Exhibition at National Gallery of Canada Facsimile by Trianon Press Songs of Innocence and of Experience Copy Z, Rosenwald Collection "The Lamb" |
In an article in Blake: An Illustrated Quarterly by Dena Bain Taylor, the problems with the facsimile of Jerusalem are explored. She tells us that:
"The archives of the Trianon Press provide a fascinating picture of the struggles—artistic, financial, and political—that went on during the whole period of production. In particular, the correspondence between Arnold Fawcus of the Trianon Press in France and his partner in England, Patrick Macleod, sheds light on the difficulties that had to be overcome. Unfortunately, there are no final answers, since neither man anticipated the problems of deterioration forty years later, but there are many clues."
When we look at Blake's own life experience we recognize that he saw life in terms of contraries which were always struggling for resolution, or were defying the validity of the contrary position.
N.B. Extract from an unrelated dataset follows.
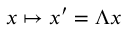Convert formula to latex. <formula><loc_0><loc_0><loc_500><loc_500>x \mapsto x ^ { \prime } = \Lambda x</formula>

He, like the Blake Trust, made some poor choices regarding alternative ways of expressing his art, or of building relationships with people to negotiate solutions. But in spite of failures, progress is made: goals can be reached if failures are accepted as the price of continuing to make the attempt.
The Blake Trust did not quit after the publication of Jerusalem. Perhaps they were able to have a smoother process in the publication of their subsequent facsimiles of Blake's books because of the learning process they experienced in publishing Jerusalem. There is little doubt that Blake gradually found the right materials and methods as he invented his unique process of creating illumiated books. When he wrote of 'invention' and 'execution' he was thinking of his own art requiring both the concept and the implementation - two contaries which he became the vehicle for resolving.
Public Address, (E 576)
"No Man Can Improve An Original Invention. Nor can an Original Invention Exist without Execution Organized & minutely Delineated & Articulated Either by God or Man. I do not mean smoothd up & Niggled & Poco Piud but Drawn with a firm hand at once with all its Spots & Blemishes which are beauties & not faults like Fuseli & Michael Angelo Shakespeare & Milton ... I have heard many People say Give me the Ideas. It is no matter what Words you put them into & others say Give me the Design it is no matter for the Execution. These People know Nothing Of Art. Ideas cannot be Given but in their minutely Appropriate Words nor Can a Design be made without its minutely Appropriate Execution. The unorganized Blots & Blurs of Rubens & Titian are not Art nor can their Method ever express Ideas or Imaginations any more than Popes Metaphysical jargon of Rhyming. Unappropriate Execution is the Most nauseous affectation & foppery He who copies does not Execute he only Imitates what is already Executed Execution is only the result of Invention"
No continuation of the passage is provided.